Jim Tew: Listeners, who of you out there have not had a look at a bee supply catalog in the last few weeks, few months? They're everywhere. They lay on the desk, they lay beside the bed, they're out in the shop. There's bee supply catalogs everywhere. Oddly, in a strange way, those supply catalogs are snapshots. When you thumb through them, I know I always had the idea that somehow the products listed here would be there forever. Otherwise, they wouldn't have been in a bee supply catalog. It's really, really surprising what comes and what goes.

If you're okay, I'd like to talk with you about some items that have gone. They're really gone. There's no record on the web. There's nothing that shows that they were ever once prominently listed in a bee supply catalog. Listeners, I'm Jim Tew, and I come to you once a week here at Honey Bee Obscura, where I try to talk about something directly to do with beekeeping.

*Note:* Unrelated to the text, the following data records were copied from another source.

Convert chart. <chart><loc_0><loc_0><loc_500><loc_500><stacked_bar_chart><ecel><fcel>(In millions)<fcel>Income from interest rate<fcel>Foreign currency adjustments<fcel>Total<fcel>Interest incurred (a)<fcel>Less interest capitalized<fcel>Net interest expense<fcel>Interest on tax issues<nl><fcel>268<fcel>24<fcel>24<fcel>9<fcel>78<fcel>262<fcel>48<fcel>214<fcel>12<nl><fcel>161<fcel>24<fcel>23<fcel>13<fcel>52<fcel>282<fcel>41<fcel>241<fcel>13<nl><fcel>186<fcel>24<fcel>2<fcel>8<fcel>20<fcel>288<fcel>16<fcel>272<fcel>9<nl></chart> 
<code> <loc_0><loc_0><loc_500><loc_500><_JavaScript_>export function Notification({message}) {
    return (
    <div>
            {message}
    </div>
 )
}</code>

Introduction: Welcome to Honey Bee Obscura, brought to you by Growing Planet Media, the producers of the Beekeeping Today podcast. Join Jim Tew, your guide through the complexities, the beauty, the fun, and the challenges of managing honeybees. Jim hosts fun and interesting guests who take a deep dive into the intricate world of honeybees. Whether you're a seasoned beekeeper or just getting started, get ready for some plain talk that'll delve into all things honeybees.

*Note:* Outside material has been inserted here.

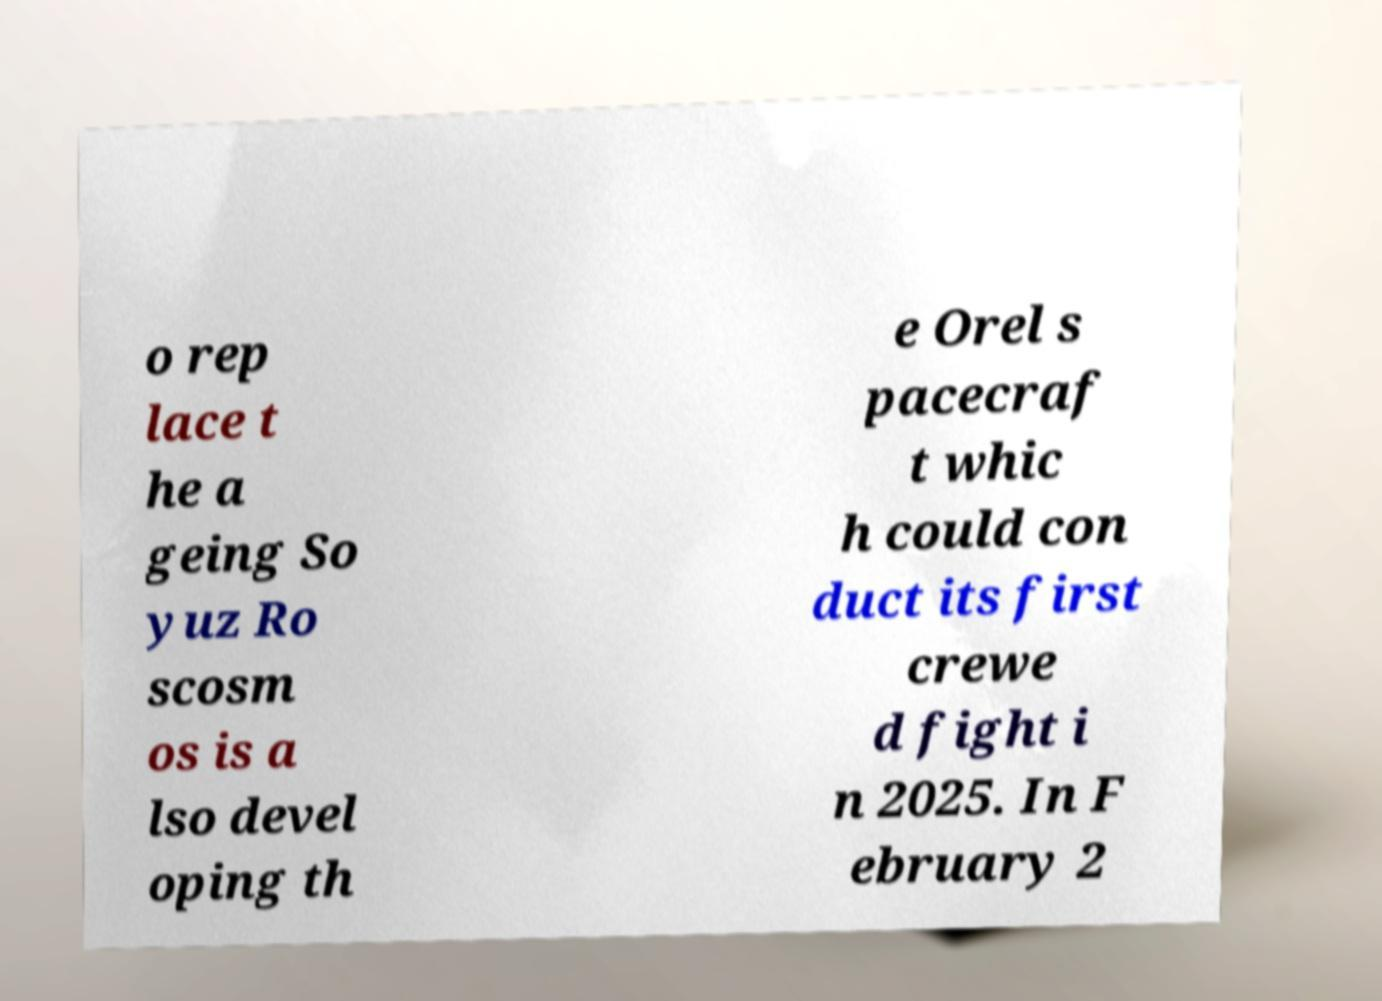For documentation purposes, I need the text within this image transcribed. Could you provide that? o rep lace t he a geing So yuz Ro scosm os is a lso devel oping th e Orel s pacecraf t whic h could con duct its first crewe d fight i n 2025. In F ebruary 2

Jim: I distinctly remember that in those early days, you'd see those products in a bee supply magazine and you would think they had always been there, they would always be there. Those old catalogs are just a shadow of what they were then that they are now. They're beautiful publications now. They're really shameful to throw them away. Nice pictures, educational information.

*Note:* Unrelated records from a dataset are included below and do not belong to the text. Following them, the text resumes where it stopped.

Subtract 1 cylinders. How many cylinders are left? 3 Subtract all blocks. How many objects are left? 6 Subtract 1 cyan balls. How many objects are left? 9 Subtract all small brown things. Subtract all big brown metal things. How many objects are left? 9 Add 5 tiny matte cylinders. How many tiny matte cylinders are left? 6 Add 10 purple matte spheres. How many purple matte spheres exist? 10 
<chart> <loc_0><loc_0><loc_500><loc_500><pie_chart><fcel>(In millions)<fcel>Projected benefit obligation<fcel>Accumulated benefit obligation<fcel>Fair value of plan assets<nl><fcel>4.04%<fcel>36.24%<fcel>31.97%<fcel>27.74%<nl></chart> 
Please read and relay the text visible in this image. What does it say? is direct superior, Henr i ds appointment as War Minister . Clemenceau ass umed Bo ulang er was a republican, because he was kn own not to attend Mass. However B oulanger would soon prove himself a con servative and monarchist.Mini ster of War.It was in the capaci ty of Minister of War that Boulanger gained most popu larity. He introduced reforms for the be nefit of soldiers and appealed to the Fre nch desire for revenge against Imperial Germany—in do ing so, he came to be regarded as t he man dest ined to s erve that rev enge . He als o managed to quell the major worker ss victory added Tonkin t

One of the things that always amazed, amused, stunned, surprised me, that at the time I thought was normal, was that you could buy calcium cyanide from some of the bee supply companies because at the time, it was common to use that to kill bees. It had a disclaimer that you needed to be careful because this was dangerous stuff and it could kill you too. With that, you could order it and they would ship it to you and you would get it and you could use it to sacrifice bees if you were killing off bees in northern climates rather than wintering them over.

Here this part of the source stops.